Javan sucked in a deep breath and let it out slowly. “How many people have
you
killed?”

“Too many.” She slipped out of the restraints and stretched. “I have no desire to rule the galaxy. I can kill if I need to, but I have no stomach for mass murder, genocide or any of my father’s other hobbies.”

“Why me? You still haven’t told me.”

Sola perched in his lap. “I’ve told you too much already. A wife should be able to keep some secrets from her husband, after all.”

Javan laughed mirthlessly but absently stroked her hair.

She looked into his eyes, no mischief left. “Take me to bed, Javan. We don’t have much time together. We need to find a safe place to hide you.”

“Before your father comes looking for me?”

“He’ll send one of my siblings after us both. It’ll be safer if we split up. I’m the one they’ll focus on.”

“No, we should stick together.”

Sola sighed. “Please don’t be difficult about this.”

“Oh, so I’ve served my purpose, have I? You’re married, you’re pregnant and now I’m—”

“Expendable.”

“What about the child?”

“Hidden. Brought up by people who I can trust.

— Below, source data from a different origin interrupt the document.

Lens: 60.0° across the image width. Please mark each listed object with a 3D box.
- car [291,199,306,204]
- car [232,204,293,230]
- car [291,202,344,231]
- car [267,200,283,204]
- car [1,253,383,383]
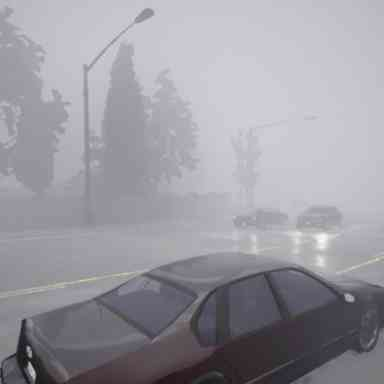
[{"bbox_3d":[19.596,2.013,60.512,1.812,1.442,4.674,-1,-1,-6],"label":"car"},{"bbox_3d":[4.703,1.712,22.488,1.895,1.301,4.718,-1,-1,41],"label":"car"},{"bbox_3d":[8.331,1.596,21.473,1.837,1.490,4.892,0,0,39],"label":"car"},{"bbox_3d":[15.721,2.171,63.022,1.994,1.385,4.181,-1,-1,-8],"label":"car"},{"bbox_3d":[0.632,1.562,4.357,5.357,1.411,2.033,0,0,-37],"label":"car"}]
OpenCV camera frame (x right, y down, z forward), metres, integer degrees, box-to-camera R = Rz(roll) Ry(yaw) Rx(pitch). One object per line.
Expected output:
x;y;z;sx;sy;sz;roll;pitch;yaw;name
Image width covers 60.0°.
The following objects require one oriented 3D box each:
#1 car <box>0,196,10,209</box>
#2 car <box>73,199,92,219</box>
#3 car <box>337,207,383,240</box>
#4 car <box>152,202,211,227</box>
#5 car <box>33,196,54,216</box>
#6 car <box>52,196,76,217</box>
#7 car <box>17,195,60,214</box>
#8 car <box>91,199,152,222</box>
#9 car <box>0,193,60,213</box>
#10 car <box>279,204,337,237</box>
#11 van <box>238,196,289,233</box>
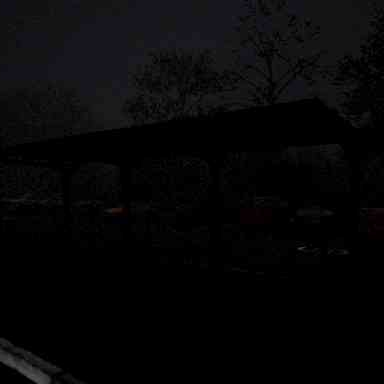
-25.083;1.308;40.378;2.163;1.488;4.792;1;0;35;car
-6.925;1.432;27.599;2.163;1.488;4.792;0;0;35;car
8.915;1.500;16.347;2.097;1.535;5.008;0;0;35;car
-0.162;1.473;22.741;2.163;1.488;4.792;0;0;35;car
-11.469;1.374;30.786;2.097;1.535;5.008;0;0;35;car
-9.203;1.389;29.183;2.231;1.521;4.892;0;0;35;car
-13.735;1.360;32.390;2.097;1.535;5.008;0;0;35;car
-4.784;1.413;25.820;1.946;1.575;5.366;0;0;35;car
-16.020;1.095;33.965;2.435;2.045;5.566;0;0;35;car
6.648;1.526;17.953;2.002;1.452;4.674;0;0;35;car
4.454;1.246;19.653;1.878;1.987;4.442;0;0;35;van
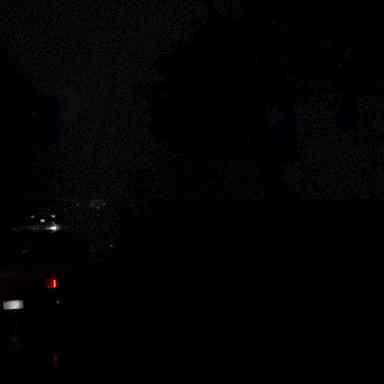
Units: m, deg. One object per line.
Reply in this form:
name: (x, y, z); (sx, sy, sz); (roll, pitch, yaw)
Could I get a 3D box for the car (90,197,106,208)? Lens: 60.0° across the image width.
car: (-13.515, 1.450, 47.644); (2.033, 1.411, 5.357); (-1, 0, -18)

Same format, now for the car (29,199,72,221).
car: (-10.696, 1.557, 25.031); (2.033, 1.411, 5.357); (-1, 0, -13)

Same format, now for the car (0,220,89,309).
car: (-3.479, 1.596, 7.728); (1.895, 1.301, 4.718); (-1, 0, -13)

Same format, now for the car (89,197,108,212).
car: (-10.604, 1.462, 37.727); (1.812, 1.442, 4.674); (-1, 0, -14)

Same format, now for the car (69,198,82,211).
car: (-14.407, 1.487, 40.078); (1.812, 1.442, 4.674); (-1, 0, -15)

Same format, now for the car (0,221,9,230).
car: (-7.501, 1.596, 11.330); (1.994, 1.385, 4.181); (-1, 0, -13)
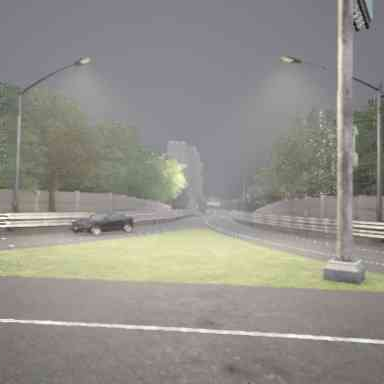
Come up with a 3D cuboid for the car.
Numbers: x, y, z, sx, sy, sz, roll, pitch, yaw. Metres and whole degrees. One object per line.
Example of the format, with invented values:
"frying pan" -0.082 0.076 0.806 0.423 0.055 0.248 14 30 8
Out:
"car" -6.240 2.174 23.594 1.882 1.535 5.008 0 -2 30
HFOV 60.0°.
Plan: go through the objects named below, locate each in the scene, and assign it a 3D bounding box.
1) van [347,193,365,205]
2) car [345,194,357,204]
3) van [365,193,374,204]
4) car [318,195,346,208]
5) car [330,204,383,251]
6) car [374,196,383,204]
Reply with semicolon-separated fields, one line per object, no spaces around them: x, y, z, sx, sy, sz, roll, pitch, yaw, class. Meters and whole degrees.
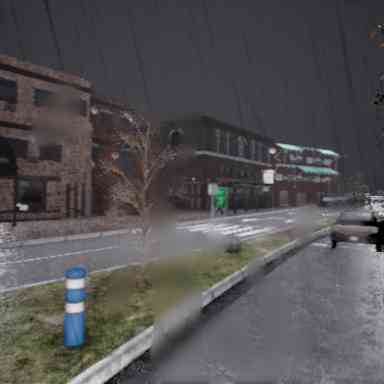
26.077;1.157;54.088;1.878;1.987;4.442;0;0;42;van
22.487;1.440;49.975;2.163;1.488;4.792;0;0;41;car
29.794;1.145;58.194;1.878;1.987;4.442;0;0;44;van
18.968;1.435;45.757;2.097;1.535;5.008;0;0;40;car
7.293;1.525;14.427;2.128;1.511;4.902;0;0;32;car
33.703;1.421;62.302;2.002;1.452;4.674;0;0;44;car
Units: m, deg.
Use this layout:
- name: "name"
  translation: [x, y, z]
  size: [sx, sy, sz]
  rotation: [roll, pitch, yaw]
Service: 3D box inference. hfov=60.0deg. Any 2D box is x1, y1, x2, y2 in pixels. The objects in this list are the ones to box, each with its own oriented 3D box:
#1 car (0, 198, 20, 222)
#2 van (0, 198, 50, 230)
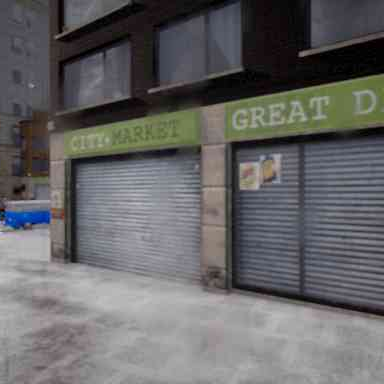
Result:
- name: "car"
  translation: [-16.781, 1.442, 26.454]
  size: [2.192, 1.841, 5.009]
  rotation: [1, 1, 35]
- name: "van"
  translation: [-9.838, 1.433, 21.508]
  size: [1.690, 1.788, 3.998]
  rotation: [1, 1, 35]

One anonymous baby in a galaxy of billions.”

He stroked a stray lock from her face. “It doesn’t have to be like that.”

“Javan, I’m supposed to kill you. I don’t want to.”

“Can’t do it, huh?”

“I could do it. I just—” she touched his cheek, “—don’t want to.”

He tried to smile but knew it came out crooked.

“Because you love me?”

“Please. I’m incapable.”

“I don’t believe that.”

She shrugged. “Come on, husband. Let’s go to your cabin one last time. Then we’ll find a safe place for you.”

He picked her up and strode to the cabin, where he placed her gently on the bunk. She closed her eyes, her bottom lip trembling. Before he could decide whether to make love to her or just hold her, the laser hit him right between the eyes.

 

From far away, a voice said, “Come on. Drink.”

The burning fire of brandy trickled down his throat. He spluttered and opened his eyes. Sola stood over him, looking down with concern.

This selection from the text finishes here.